„Goethes Faust ist ja gar nicht so kompliziert“, stellte ein Schüler erstaunt nach der szenischen Lesung von Tino Leo und Lavinia Heilig fest. Auch die Mitschüler waren von der Premiere angetan und stimmten anerkennend zu: „Man konnte der Handlung gut folgen.“
Über dieses Feedback freuen sich die beiden Profi-Schauspieler sehr. Denn sie wissen, dass der „Faust“ unter Schülern nicht immer beliebt ist. „Ich fand damals die Sprache extrem anspruchsvoll und habe beim Lesen nicht wirklich etwas verstanden“, gibt Tino Leo selbst zu. Aber inzwischen sei er großer Goethe-Fan und es war ihm sehr wichtig, die Originalsprache beizubehalten.
In einer lebendigen Mischung aus Lesung und Hörspiel präsentierte das Schauspieler-Duo Goethes „Faust“ für die Zwölftklässler am Schwetzinger Hebel-Gymnasium. In der Originalversion ist das Drama mehrere Stunden lang, die beiden haben es auf eine Stunde komprimiert. Die kompakte Fassung kam bei den Schülern bestens an.
Alle Rollen auf zwei Vorleser verteilt – geht das? Ja, denn durch ihr variables Spiel mit der Stimme gelingt es Leo und Heilig, die Dialoge mal witzig und mal ernst zu veranschaulichen. So bekommt zum Beispiel Mephisto einen amerikanischen Akzent, Marthe spricht hessischen Dialekt. „Gesprochen klingen Goethes Reime viel schöner, als wenn man sie nur liest“, meinte eine Schülerin.
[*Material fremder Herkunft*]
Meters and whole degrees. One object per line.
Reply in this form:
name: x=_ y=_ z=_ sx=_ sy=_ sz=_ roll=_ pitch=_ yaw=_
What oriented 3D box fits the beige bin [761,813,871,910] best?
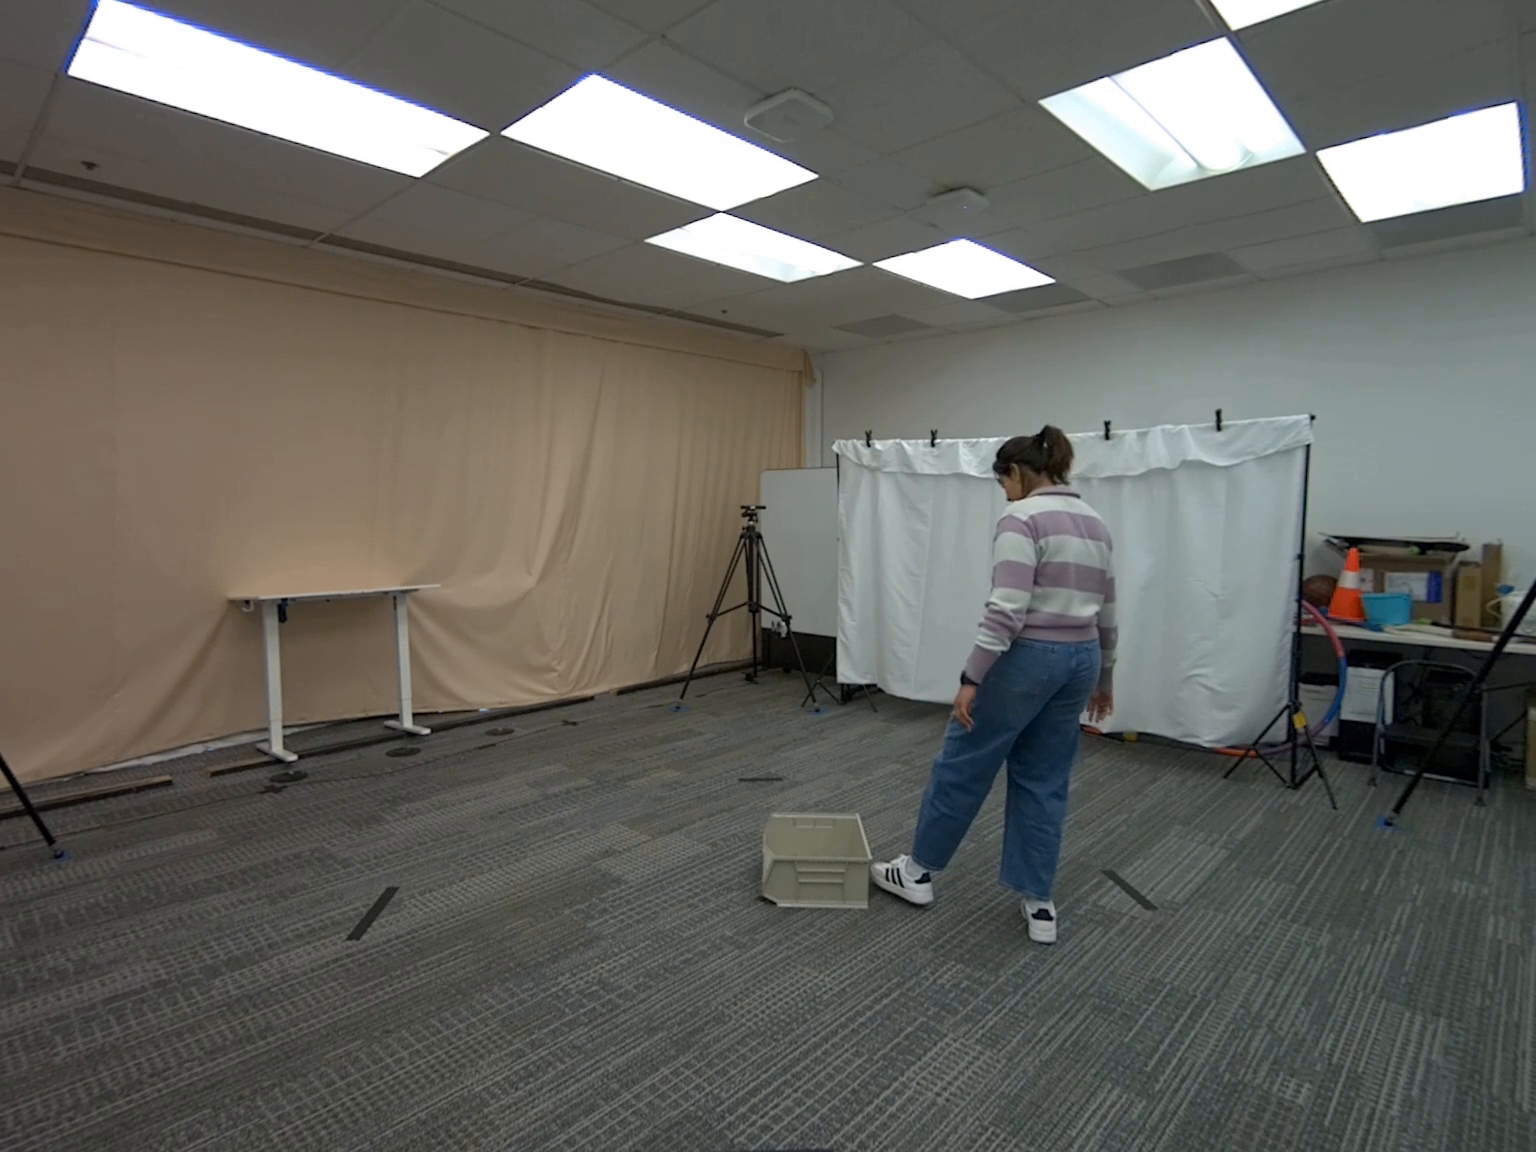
beige bin: x=0.169 y=1.046 z=3.114 sx=0.378 sy=0.188 sz=0.423 roll=1 pitch=4 yaw=1
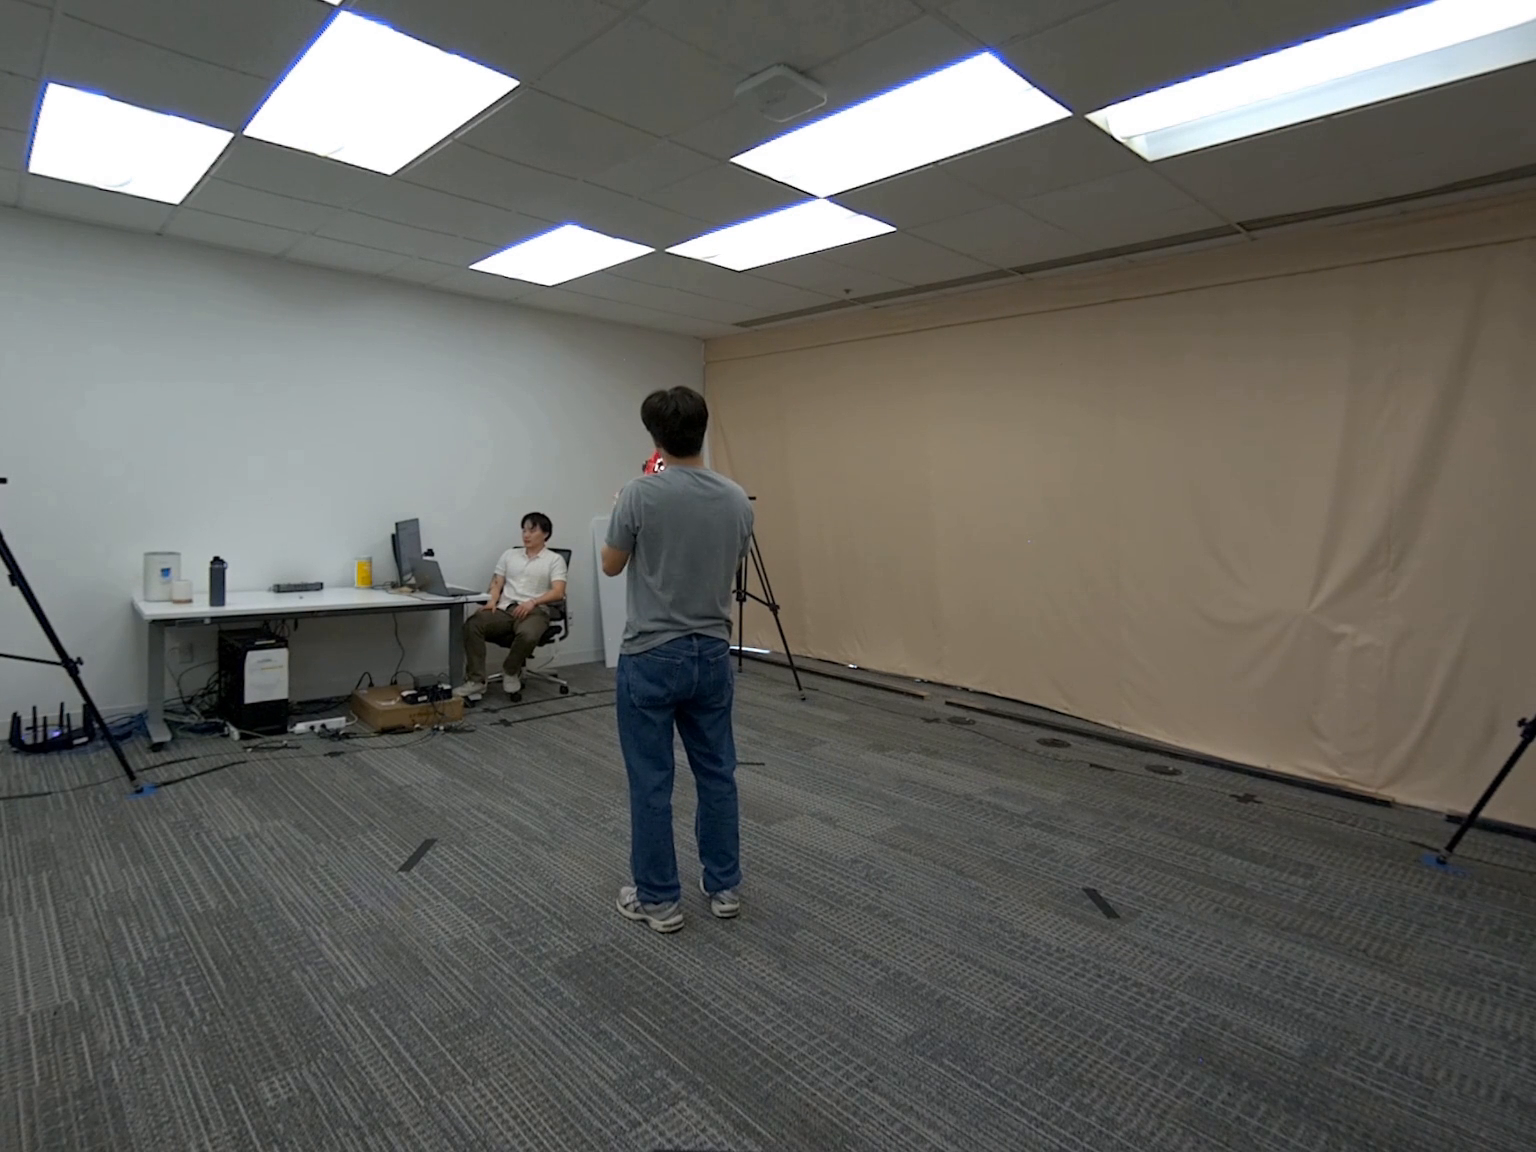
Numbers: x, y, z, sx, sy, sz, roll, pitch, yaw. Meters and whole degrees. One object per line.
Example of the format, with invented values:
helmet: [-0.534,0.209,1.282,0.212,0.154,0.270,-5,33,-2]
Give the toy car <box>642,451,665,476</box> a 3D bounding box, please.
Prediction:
toy car: [-0.419,-0.332,3.052,0.128,0.255,0.084,22,-5,-19]

Soundeffekte werden gezielt eingesetzt. In Marthes Garten unterstreicht Vogelzwitschern die positive Stimmung, in der Walpurgisnacht läuft moderne Party-Musik und gegen Ende des Stücks, als Gretchen in der Kirche in ihrer Vermutung, schwanger zu sein, bestätigt wird, hören sich die Hintergrundgeräusche bedrohlich an.
Der Mainzer Tino Leo kommt seit einigen Jahren an das Hebel-Gymnasium und stellt für Siebtklässler die Nibelungensage als pfiffiges Ein-Mann-Stück vor. Bibliothekarin Veronika Lippolt hat ihn auch dieses Jahr wieder dank der Finanzierung durch die Stadtbibliothek eingeladen. In 45 Minuten schlüpft er dabei in verschiedene Rollen und erzählt lebhaft die Geschichte vom Kämpfen, Lieben und Sterben. Die Schüler amüsieren sich wie immer köstlich. Bei seinen zahlreichen Touren durch deutsche Schulen wurde er vor einiger Zeit angeregt, auch einmal etwas für die Oberstufe zu bieten. Da nahm er sich den „Faust“ vor. Die Premiere dieser Lesung fand nun mit Erfolg in Schwetzingen statt.